Since these were offences committed against different victims in circumstances separate from one another, the judge was entitled to make the two sets of sentences run consecutively. It is apparent that considerations of totality permeated the whole of the sentencing process. The judge’s approach to the sentencing of these cases was careful and measured and reflected the modern approach to historical or non-recent offences. We do not consider that the total custodial sentence is manifestly excessive and this aspect of the application must fail.
In this case the judge had been alerted to the existence of section 236A. However, despite the care which the judge took in the sentencing exercise, matters were not entirely correctly dealt with. Firstly, having structured his sentencing with a mixture of concurrent and consecutive sentences to reflect the fact that offences had been committed against two separate victims, and thus arriving at an overall custodial term of 14 years, the judge wrongly stated that the applicant would be released after serving half of his sentence in custody. Such an error does not invalidate the sentence (R v Bright [2008] 2 Cr App R (S) 102).
Having stated that, the judge said
“There will also be a further period of 1 year for which you will be subject to licence once you have been released.”
By dealing with the matter in this way, the judge failed accurately to state the effect of the further licence period and, more importantly, did not identify the offences to which the further period of licence attached. He is obliged to do this because section 236A(2) is a new form of custodial sentence comprising two elements as explained earlier.
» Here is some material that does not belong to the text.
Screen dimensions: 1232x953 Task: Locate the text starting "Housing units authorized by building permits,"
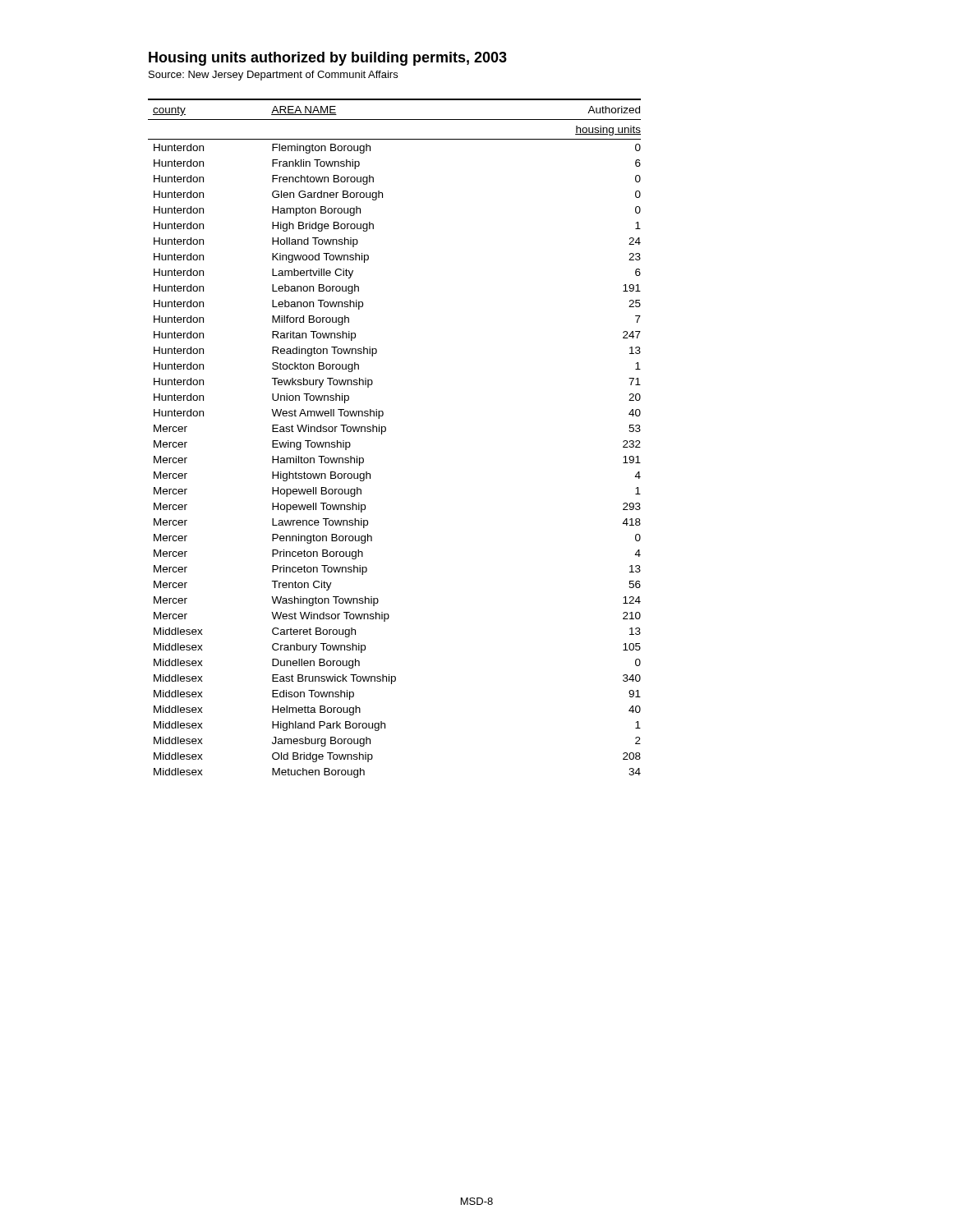point(435,65)

Accordingly, for a valid sentence to be passed the judge should have attached the further period of licence to the relevant counts.
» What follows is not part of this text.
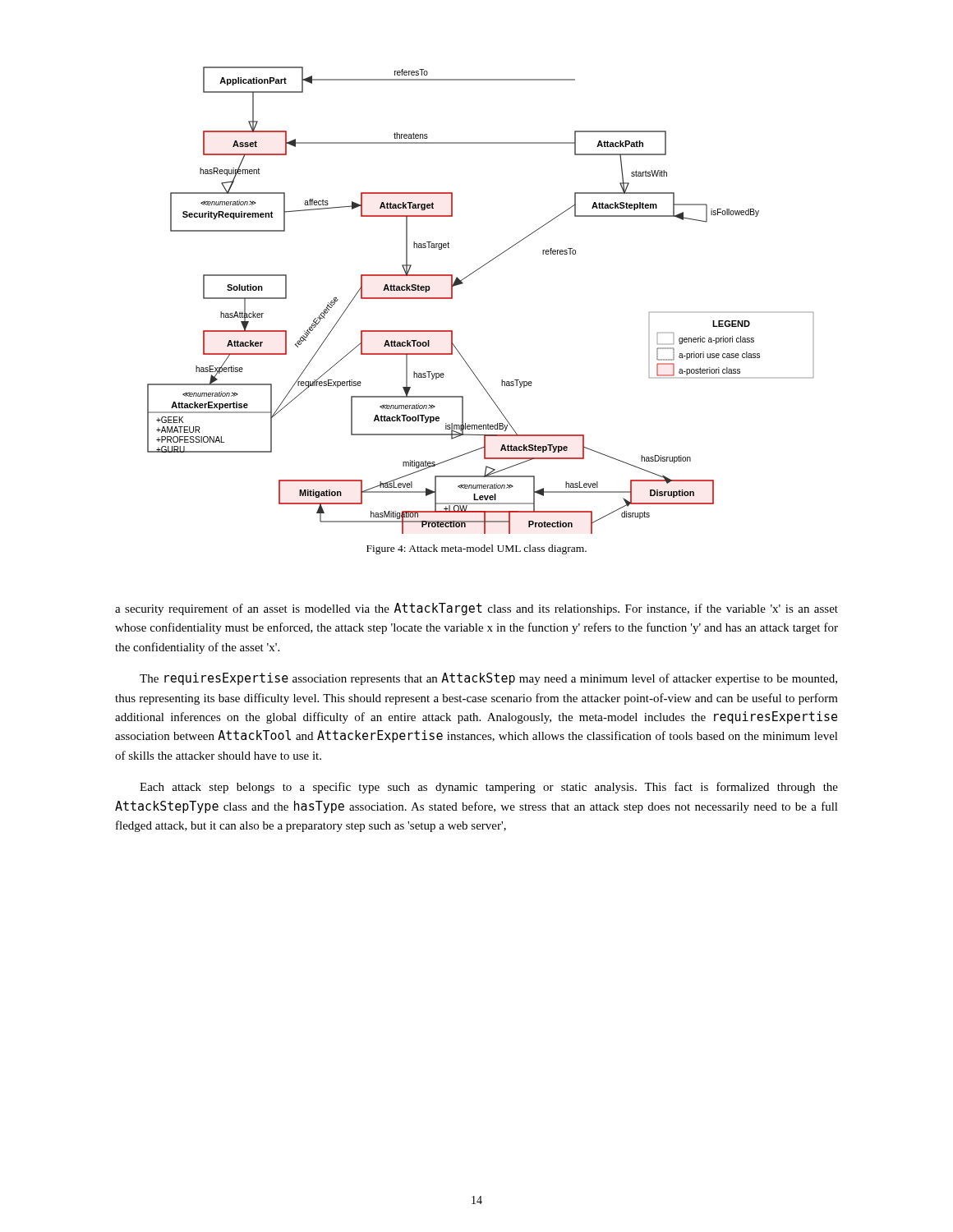Locate the block of text that opens with "a security requirement of an asset is modelled"
Viewport: 953px width, 1232px height.
pyautogui.click(x=476, y=718)

In this case the relevant counts were not only counts 17 and 18 which were straightforward section 6 SOA 2003 counts, but also counts 9, 10, 13 and 14 which were historic indecent assault counts which the judge had correctly identified as involving digital penetration in his sentencing remarks, and which fall within schedule 18A by reason of the “abolished offences” provision.
Having imposed ordinary determinate sentences in relation to the offending against S, and decided to impose consecutive but internally concurrent sentences for the offences against A, the judge should have identified those offences which fall within section 236A and passed section 236A-style sentences in relation to those counts. Subsequent to sentencing there was some uncertainty in the Crown Court office as to how the sentence should be expressed in the court record. The result can be seen in the “Total Sentence” section of the grid set out above. Unfortunately that is not accurate since it does not reflect the fact that additionally counts 9, 10, 13 and 14 were also liable to a section 236A sentence. The court record should be amended in accordance with this judgment so as to reflect the fact that each of the sentences on counts 9, 10, 13, 14, 17 and 18 is a section 236A sentence incorporating the further 1 year period of licence.
It is accepted on behalf of DS that those irregularities in expressing and recording the sentence do not give him any ground of appeal. It was fully understood at the time of the hearing by DS and his counsel that the overall result was that a 15 year sentence had been imposed, comprising a custodial term of 14 years plus a further 1 year period of licence.
For the reasons already given this application relating to sentence is refused.